It works with CMU foundation also, this was done with 12" block. The structure is bolted to the foundation and there is a support installed to hold it in place and back-fill when ready. Very simple.


----------



## JBM (Mar 31, 2011)

CMU that isnt poured?


----------



## Chris Johnson (Apr 19, 2007)

Are you not insulating it somehow? Assuming it's not conditioned space what is preventing frost heave?


----------



## greg24k (May 19, 2007)

Chris Johnson said:


> Are you not insulating it somehow?
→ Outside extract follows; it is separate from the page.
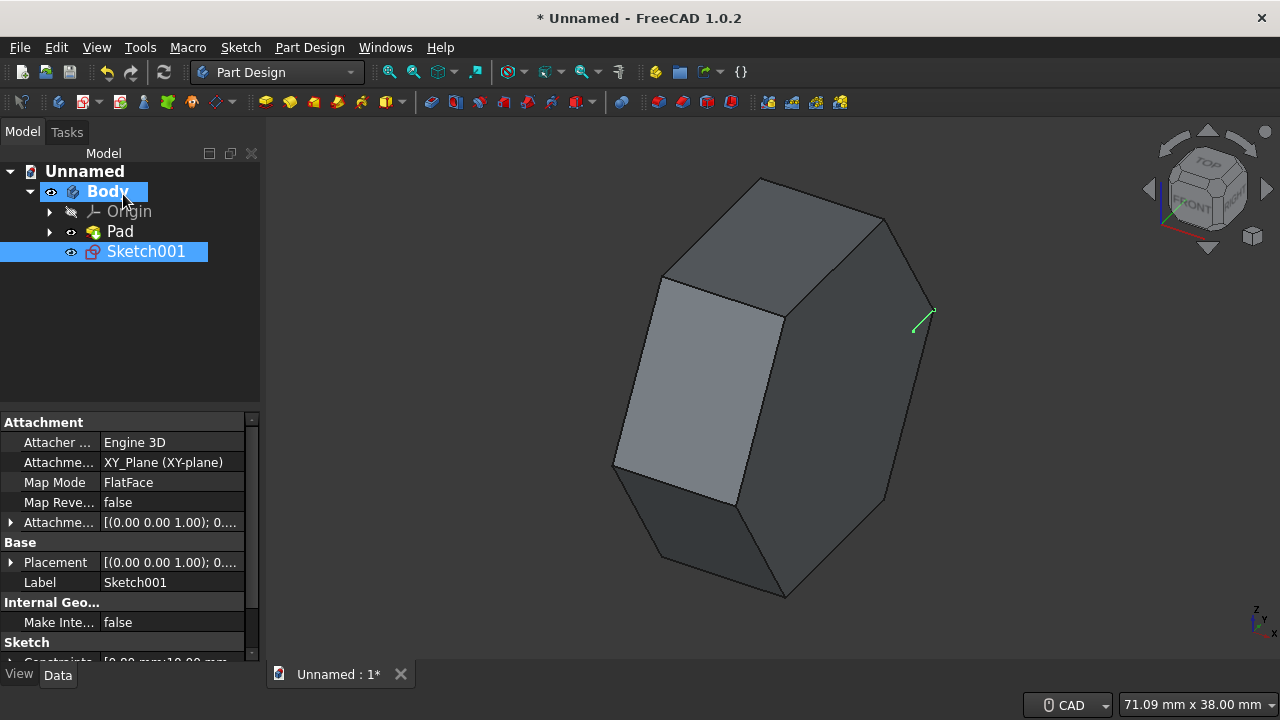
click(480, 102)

Assuming it's not conditioned space what is preventing frost heave?


No, there will be insulated door installed in the basement and you don't need anything else.
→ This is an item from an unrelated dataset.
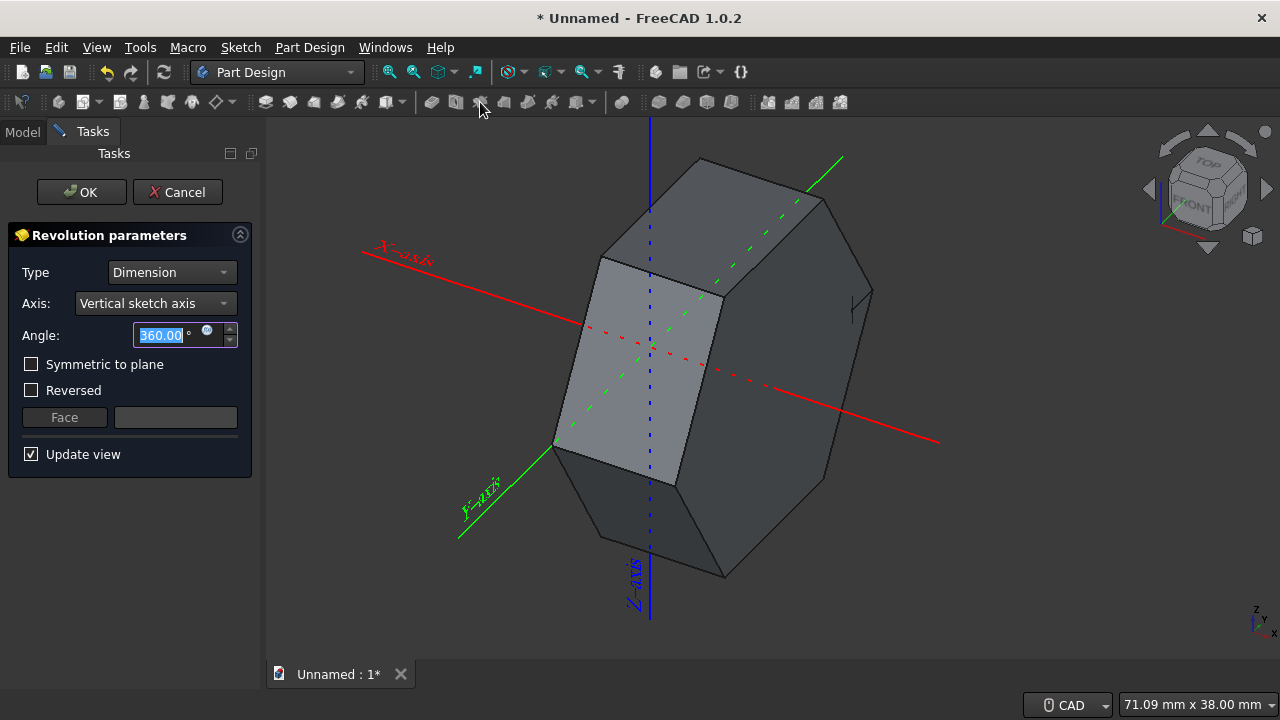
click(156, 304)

Chris, let me add that you will have your typical perimeter drainage around the foundation in new constructions, and if you doing this to existing house without perimeter drainage, putting clean stone under it would be a good idea.


----------



## greg24k (May 19, 2007)

JBM said:


> CMU that isnt poured?


All you have to do is fill first two cores from the opening with mortar.


----------



## AmeliaP (Apr 22, 2007)

> Might be putting in a basement entrance with a pre-cast stair unit, and a "billco" type door. I have never done this before, and was wondering about the pro's and con's of it? Anything to look out for and hints will be greatly helpful! And please don't say to hire someone, I have been in the trades for 30 + years, just never done this! And this is for my own home. Thanks, dave


We work on these and around here (high water table) water infiltration is usually the biggest issue. Sometimes it's ground water and sometimes water getting in from the surrounding grade or roof.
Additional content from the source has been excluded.